While celebrating with my in-laws in Pittsburgh this year, I had the privilege of testing out this new recipe, adapted slightly from Williams-Sonoma’s Home Recipe Collection. Everyone loved it, and it was certainly worth the attention to detail, if you have the time on a busy Thanksgiving before all the guests arrive (or you have someone to delegate to!). The garlic, mustard, and tarragon meld perfectly and complement the bite of the sherry vinegar, and sautéing the radishes mellows out their flavor a bit so that they don’t overpower the rest of the veggies! They also provide a splash of bright red color, especially appreciated on a holiday on which brown and white (brown stuffing, white turkey, brown gravy, white potatoes, white dinner rolls, etc. etc.) seem to be the theme. A definite “must-try” for your Thanksgiving feast next year!

We have so much to be thankful for. I hope you’re enjoying your day as much as I am enjoying mine!
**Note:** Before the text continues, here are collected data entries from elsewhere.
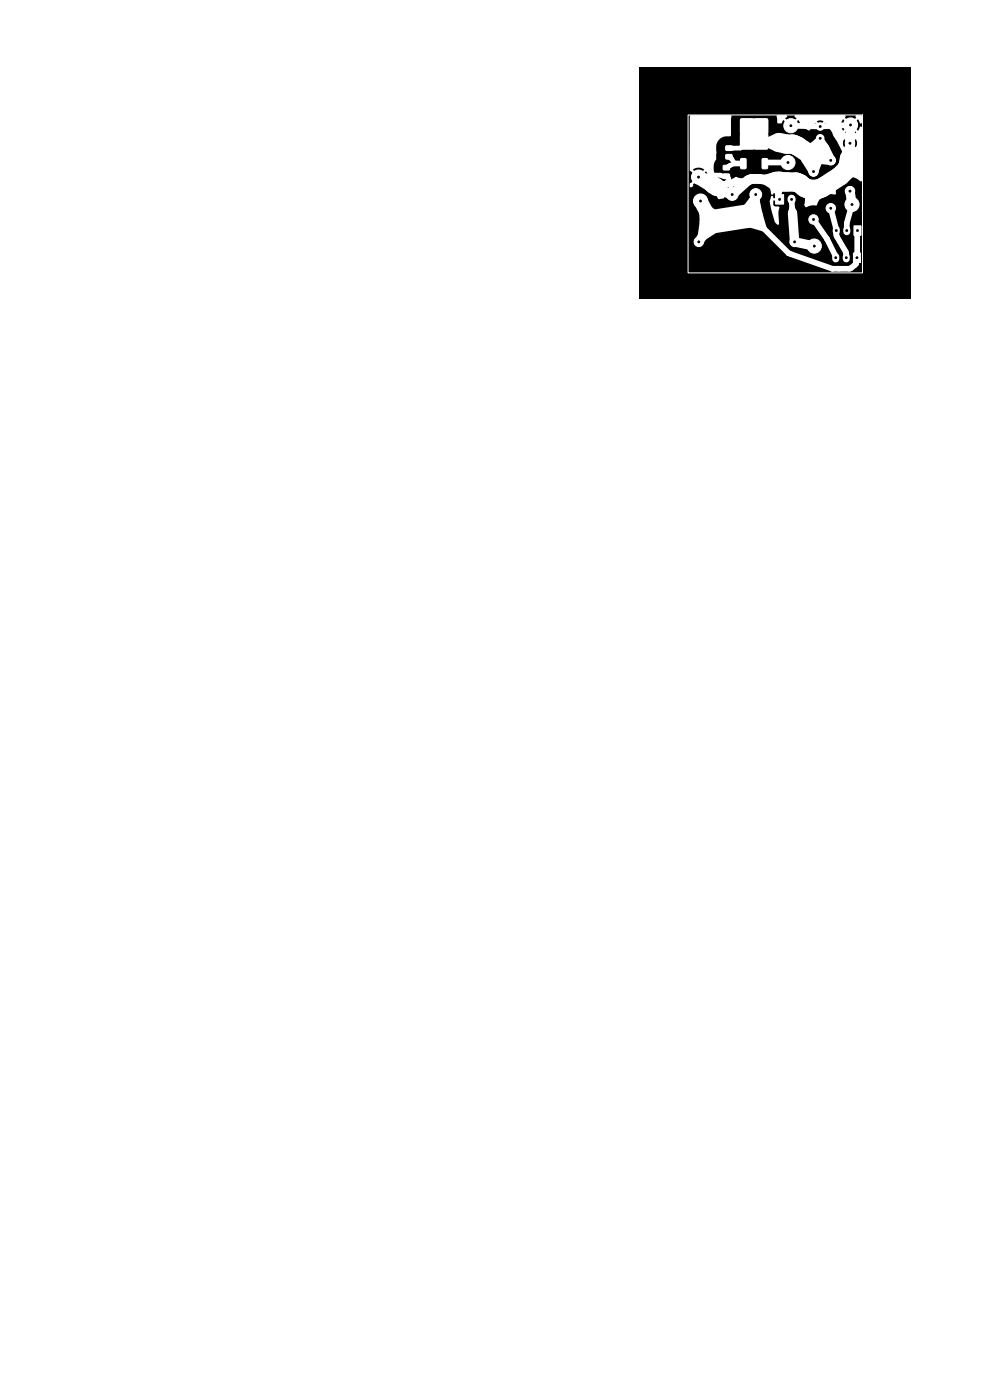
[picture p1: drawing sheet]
<svg xmlns="http://www.w3.org/2000/svg" width="210mm" height="297mm" viewBox="0 0 210 297" stroke-linecap="round" stroke-linejoin="round" font-family="sans-serif">
<path d="M135.7 14.1h57.6v49.2h-57.6z" fill="#000"/>
<g fill="#fff" stroke="#fff" stroke-width=".21">
<path d="M181 53.7h1.5v2h-1.5z"/>
<path d="M164.5 41.3h1.7v2h-1.7z"/>
<path d="M181.1 47.9h1.5v2h-1.5z"/>
<path d="M154 31l1.2-.1 .1 .3v.6l-.2 .1h-1l-.2-.2z"/>
<path d="M154 32.8h1.2l.1 .2v.6l-.2 .2h-1l-.2-.3z"/>
<path d="M157.2 33.7l.8-.1 .3 .2v1.8l-.2 .2h-.8l-.2-.1z"/>
<path d="M160.2 28.6h2.6v2.9h-2.6z"/>
<path d="M157.1 28.6h2.6v2.9h-2.6z"/>
<path d="M157.1 25.3h5.7v6.2h-5.7z"/>
<path d="M160.2 25.3h2.6v2.9h-2.6z"/>
<path d="M157.1 25.3h2.6v2.9h-2.6z"/>
<path d="M161.7 33.7l.9-.1 .2 .2v1.8l-.1 .2h-.8l-.2-.1z"/>
<path d="M153.5 35.1h1.1l.2 .2v.6l-.3 .2h-1l-.1-.3z"/>
<path d="M153.5 37l1.1-.1 .2 .2v.6l-.3 .2h-1l-.1-.2z"/>
<circle cx="167.1" cy="34.5" r="1.5"/>
<circle cx="168.6" cy="51.3" r="1"/>
<circle cx="148.2" cy="51.3" r="1"/>
<circle cx="148.6" cy="42.6" r="1.5"/>
<circle cx="172.6" cy="36.4" r="1"/>
<circle cx="172.6" cy="46.6" r="1"/>
<circle cx="160.3" cy="41.3" r="1.25"/>
<circle cx="155.3" cy="41.3" r="1.25"/>
<circle cx="148.2" cy="37.6" r="1.5"/>
<circle cx="172.7" cy="52.2" r="1.5"/>
<circle cx="174" cy="29.3" r=".8"/>
<circle cx="174" cy="26.8" r=".8"/>
<circle cx="167.8" cy="26.7" r="1.5"/>
<circle cx="180.4" cy="26.5" r="1.5"/>
<circle cx="180.3" cy="40.5" r="1"/>
<circle cx="180.3" cy="30.4" r="1"/>
<circle cx="176.2" cy="34" r="1"/>
<circle cx="176.2" cy="44.2" r="1"/>
<circle cx="180.7" cy="43.4" r="1.5"/>
</g>
<path d="M177.3 54.4v.5M177.4 48.7v.5M179.5 54.4v.5M179.6 48.7v.5" fill="none" stroke="#fff" stroke-width="1.5"/>
<path d="M167.9 42.1v.3" fill="none" stroke="#fff" stroke-width="1.7"/>
<path d="M165.3 30.2l1.5 .4a3.2 3.2 0 0 1 2.4 .4l3.1 2.1M180.2 33.7l-.2 1.2a3.8 3.8 0 0 1-1.8 2.4l-3.6 2.4a3.8 3.8 0 0 1-3 .4 3.9 3.9 0 0 1-2-1.2l-.8-.3-4-.2" fill="none" stroke="#fff" stroke-width="4.1"/>
<path d="M161.5 30.1l.3 .1h3.5M164.5 37.5l-2.1 .6 1.8 1.2M164.8 38.4l-3.6-.4h-1.9l-.7 .3-3.3 3-3.4-1.2M164.9 29.3l-2 .9 2 .9M158.1 44.9l2-2.5 .6 3.1M160.3 41.3l-1 4.4" fill="none" stroke="#fff" stroke-width="2.1"/>
<path d="M171 33.8l1.6 2.6M172.3 33.1l.3 3.3M173.5 33.7l2.7 .3M173.7 32.2l2.5 1.8M173.7 33.6l-1.1 2.8M175 31.6l1.2 2.4M179.2 33.3l1.1-2.1 .8 2.1M180.4 26.5l-.2 7.2M149.4 46.9l-.4 3.2 2.8-1.8M150.9 47.1l-2.7 4.2M168.1 45.2l.5 6.1 4.1 .9M180.3 40.5l.4 2.9" fill="none" stroke="#fff" stroke-width="2"/>
<path d="M148.2 37.6l2.9-.4h1.7l.6 .2h.7l.5 .5M154.6 37.9l.7 3.4M154.6 37.9h.1M154.6 33.3l.6 .4M154.7 35.2l-.6 .4M154.7 35.2h.1M155.2 33.7h.1M155.2 33.7l.6 1-1.1 .5M158.4 30.1l-1.3 1.3h-2.5" fill="none" stroke="#fff" stroke-width="1"/>
<path d="M173.7 32.2l-1.4 .9M159.3 45.7l-8.4 1.4" fill="none" stroke="#fff" stroke-width="5"/>
<g fill="none" stroke="#fff" stroke-width="1.2">
<path d="M155.8 34.7h1.9M163.7 39.4l1.4 1.6M164.8 38.4l.3 2.6M166.1 39.1l-1 1.9M167.1 34.5h-4.9v.2M174 29.3l-1.6 1.5M174 29.3l-.3 2.9M174 29.3l1.2 1.9M180.4 26.5l-6.4 .3-6.2-.1M159.3 45.7l8 8M161.1 45.2l1 3.3-3.3-.9M165.1 41v.9l.3 .4"/>
<path d="M167.3 53.7h.1M167.9 42.3l.2 2.9M168.5 45l-.5-.7-.3 .8M172.6 46.6a27.5 27.5 0 0 1 4.7 8.1M176.2 44.2l1.2 4.5v1.2l2 3.5 .1 .3v1M180.7 43.4l-1.1 3.9v1.6M181.9 48.9l-.1 5.4-.2 1.6-1.4 1.1h-3.6l-9.3-3.3"/>
</g>
<path d="M148.2 37.6l3.7 2.5M148.6 42.6l2.3 4.5M151.5 46.3l-1.7-1.4 .1 2.2" fill="none" stroke="#fff" stroke-width="3"/>
<g fill="#fff">
<path d="M163.6 41.6h.4v.4l1 .1-.1 .4h-.9v.8l.3 .4 1 .2-.2 1.4 .2 2.1-.2 .3-.3-.1-.4-.5-.7-2.4-.4-2z"/>
<path d="M168.6 24.5l10.6-.1 .2 .3-.2 .2 1.1 1.1-.4 .4-1.1-1.1a1.98 1.98 0 0 0 0 2.4l1.1-1.1 .4 .4-1.1 1.1 .6 .3a.27 .27 0 0 1 .3 .2 .27 .27 0 0 1-.2 .3l-.5 .3 .9 .8 .9-.8-.4-.2a.25 .25 0 0 1-.2-.3 .25 .25 0 0 1 .2-.2l.9-.4-1.1-1.1 .3-.4 1.1 1.1 .4-.8h.4l.1 3.4h-1.1l-.3-.8-.8 .8h-.1a.35 .35 0 0 0-.4-.3 .35 .35 0 0 0-.2 .4l-1-.8a1.49 1.49 0 0 0 .1 1.7l.9-.9v.1a.35 .35 0 0 0 .4 .2 .35 .35 0 0 0 .3-.4l.8 1 .3-1h1.1v1.3h-1.7l-.9-.9-.8 1a1.49 1.49 0 0 0 1.7-.1h1.7v6.6a.43 .43 0 0 1-.8 0l-.7-.5-.9-.2-.8 .1-.9 .4-.7 .5-.5 .7-.3 .8-.1 1.3a3.2 3.2 0 0 0-4 2.2l-.1 .1a3.4 3.4 0 0 0-2.1 .4l-.4-.4 .1-.4a2.91 2.91 0 0 0-1.5-3.6 2.91 2.91 0 0 0-3.7 1.1l-1.3 .2a.31 .31 0 0 1-.3 .4 .31 .31 0 0 1-.3-.2 3.6 3.6 0 0 0-2.1-3l.1-.3 1.6-.1 1.1-.6h.5a3.8 3.8 0 0 0 4.7 .1l.8 1.2 .7 .6 1 .3 1 .1 .7-.2 .9-.6 .6-.7 .4-.9 1.7-.2 1.2-.8 .7-1.4v-1.3l-1.6-3.1-.9-1.5a3.9 3.9 0 0 0-1.4-2l-.2-.6-.5 .4h-.3v-.3l.4-.5a1.29 1.29 0 0 0-1.4 .1l.4 .4v.3l-.3 .1-.5-.5-.3 .8-.7 .6a.6 .6 0 0 1-.9-.1l-1.2-.6-.1-.8-.4-.6-1.1 1.1-.3-.3 1.1-1.1-.4-.3z"/>
<path d="M146.4 24.5l8.5-.1a.67 .67 0 0 1 .2 1v3.3l-.3 .2a2.47 2.47 0 0 0-2.6 1.1v.1a3.2 3.2 0 0 0-.2 2.2l-.1 1.5-.4 .9-.1 1.2a2.5 2.5 0 0 0 1.6 2.2l.3 .2a.59 .59 0 0 0 .8-.2 .59 .59 0 0 0 .9 .1 1.53 1.53 0 0 1 2.1-.4h1.2a2.5 2.5 0 0 0 1.6-.9l.9 .6a.26 .26 0 0 1 .2 .3 .26 .26 0 0 1-.3 .2 3.4 3.4 0 0 0-3.6 2.4l-.4-.2-.9 .9-.4-.3 1-.9a1.74 1.74 0 0 0-2.1 0l.9 .9-.4 .3-.9-.9a2.3 2.3 0 0 0-.3 1.8l-1.3 .2-1.1-1.9-.8-.6-.9-.5-1.2-1.2 .4-.3 1.1 1.1a1.98 1.98 0 0 0 0-2.5l-1.1 1.1-.4-.3 1.1-1.1a1.98 1.98 0 0 0-2.4 0l1.1 1.1-.4 .3-1.4-1.3z"/>
<path d="M146.4 38.9l1.3-1.2 .4 .3-1.1 1.1a.37 .37 0 0 1-.2 .5 .37 .37 0 0 1-.5-.1z"/>
<path d="M164.8 24.5h2.1v.3l-.4 .3 1.1 1.1-.3 .3-1.1-1.1-.4 .7-.8 .1-.1-.3z"/>
<path d="M181.5 24.5h1.3l.1 1.5a.25 .25 0 0 1-.3 .2 .25 .25 0 0 1-.2-.2l-.4-.7-1.1 1.1-.3-.4 1.1-1.1-.2-.1z"/>
</g>
<g fill="#000" stroke="#000" stroke-width=".21">
<circle cx="148.2" cy="37.6" r=".18"/>
<circle cx="167.1" cy="34.5" r=".18"/>
<circle cx="167.8" cy="26.7" r=".18"/>
<circle cx="172.6" cy="36.4" r=".18"/>
<circle cx="174" cy="29.3" r=".17"/>
<circle cx="174" cy="26.8" r=".18"/>
<circle cx="176.2" cy="34" r=".17"/>
<circle cx="180.3" cy="30.4" r=".18"/>
<circle cx="180.4" cy="26.5" r=".18"/>
<circle cx="148.2" cy="51.3" r=".18"/>
<circle cx="148.6" cy="42.6" r=".18"/>
<circle cx="155.3" cy="41.3" r=".18"/>
<circle cx="160.3" cy="41.3" r=".18"/>
<circle cx="165.4" cy="42.3" r=".17"/>
<circle cx="167.9" cy="42.3" r=".17"/>
<circle cx="168.6" cy="51.3" r=".18"/>
<circle cx="172.6" cy="46.6" r=".17"/>
<circle cx="172.7" cy="52.2" r=".17"/>
<circle cx="176.2" cy="44.2" r=".17"/>
<circle cx="177.3" cy="54.7" r=".17"/>
<circle cx="177.4" cy="48.9" r=".17"/>
<circle cx="179.5" cy="54.7" r=".17"/>
<circle cx="179.6" cy="48.9" r=".17"/>
<circle cx="180.3" cy="40.5" r=".18"/>
<circle cx="180.7" cy="43.4" r=".17"/>
<circle cx="181.8" cy="54.7" r=".17"/>
<circle cx="181.9" cy="48.9" r=".17"/>
</g>
<path d="M146 24.4h37v33.5h-37z" fill="none" stroke="#fff" stroke-width=".21"/>
<g fill="#fff" stroke="#fff" stroke-width=".21">
<circle cx="167.1" cy="34.5" r=".18"/>
<circle cx="168.6" cy="51.3" r=".18"/>
<circle cx="148.2" cy="51.3" r=".18"/>
<circle cx="148.6" cy="42.6" r=".18"/>
<circle cx="172.6" cy="36.4" r=".18"/>
<circle cx="172.6" cy="46.6" r=".17"/>
<circle cx="160.3" cy="41.3" r=".18"/>
<circle cx="155.3" cy="41.3" r=".18"/>
<circle cx="181.8" cy="54.7" r=".17"/>
<circle cx="179.5" cy="54.7" r=".17"/>
<circle cx="177.3" cy="54.7" r=".17"/>
<circle cx="148.2" cy="37.6" r=".18"/>
<circle cx="172.7" cy="52.2" r=".17"/>
<circle cx="174" cy="29.3" r=".17"/>
<circle cx="174" cy="26.8" r=".18"/>
<circle cx="167.8" cy="26.7" r=".18"/>
<circle cx="180.4" cy="26.5" r=".18"/>
<circle cx="165.4" cy="42.3" r=".17"/>
<circle cx="167.9" cy="42.3" r=".17"/>
<circle cx="180.3" cy="40.5" r=".18"/>
<circle cx="180.3" cy="30.4" r=".18"/>
<circle cx="176.2" cy="34" r=".17"/>
<circle cx="176.2" cy="44.2" r=".17"/>
<circle cx="180.7" cy="43.4" r=".17"/>
<circle cx="181.9" cy="48.9" r=".17"/>
<circle cx="179.6" cy="48.9" r=".17"/>
<circle cx="177.4" cy="48.9" r=".17"/>
</g>
</svg>

Happy Thanksgiving, ya’ll, and God bless!

Green Beans and Radishes

Brown Butter Green Beans & Radish Sauté
Recipe Type: Side Dish
Author: Claire McCormick of Claire Tastes
Prep time:
Cook time:
Total time:
Serves: 8
The bold flavors of garlic, tarragon, whole grain mustard and sherry vinegar intermingle and play off of each other perfectly in this dish. Sautéed with green beans, spicy radishes, and topped off with toasted pine nuts, this is a much lighter (and tastier!) alternative to the traditional, calorie-laden green bean casserole. A perfect choice to add to your Thanksgiving recipe box!
Ingredients
  • 1 1/2 lbs green beans, rinsed and ends trimmed
  • 1 tbsp canola or vegetable oil
  • 1 package (about 15) radishes, trimmed and quartered
  • 2 tbsp sherry vinegar
  • salt and pepper, to taste
  • 3 tbsp unsalted butter
  • 1 tbsp minced garlic
  • 1 tbsp whole grain mustard
  • 1 1/2 tsp dried tarragon
  • 1/4 cup pine nuts, toasted*
  • *Toast pine nuts (or nuts of choice- hazelnuts or walnuts would also work well!) on a regular baking sheet at 350 degrees for 6-10 minutes, tossing occasionally, until nuts are golden brown and toasted.
Instructions
  1. Boil a large pot of salted water and add green beans. Cook for about 4 minutes, then blanch by rinsing with cold water to stop the cooking process. Beans should be bright green in color!
  2. In a large sauté pan on medium heat, warm the oil. Place the radishes cut-side down and cook for 4 minutes, stirring occasionally. Add sherry vinegar and continue to stir until all of the liquid is evaporated, about 1 minute more. Sprinkle with salt and pepper and transfer to a medium bowl.
  3. In same pan, heat butter until melted and just starting to brown- about 1 minute.
  4. Add garlic, mustard, and tarragon and stir continuously for about 1 minute.
  5. Add green beans and radishes to pan and toss with brown butter sauce until warmed through, about 1-2 minutes.
  6. When ready to serve, toss with pine nuts and transfer to a warm serving bowl.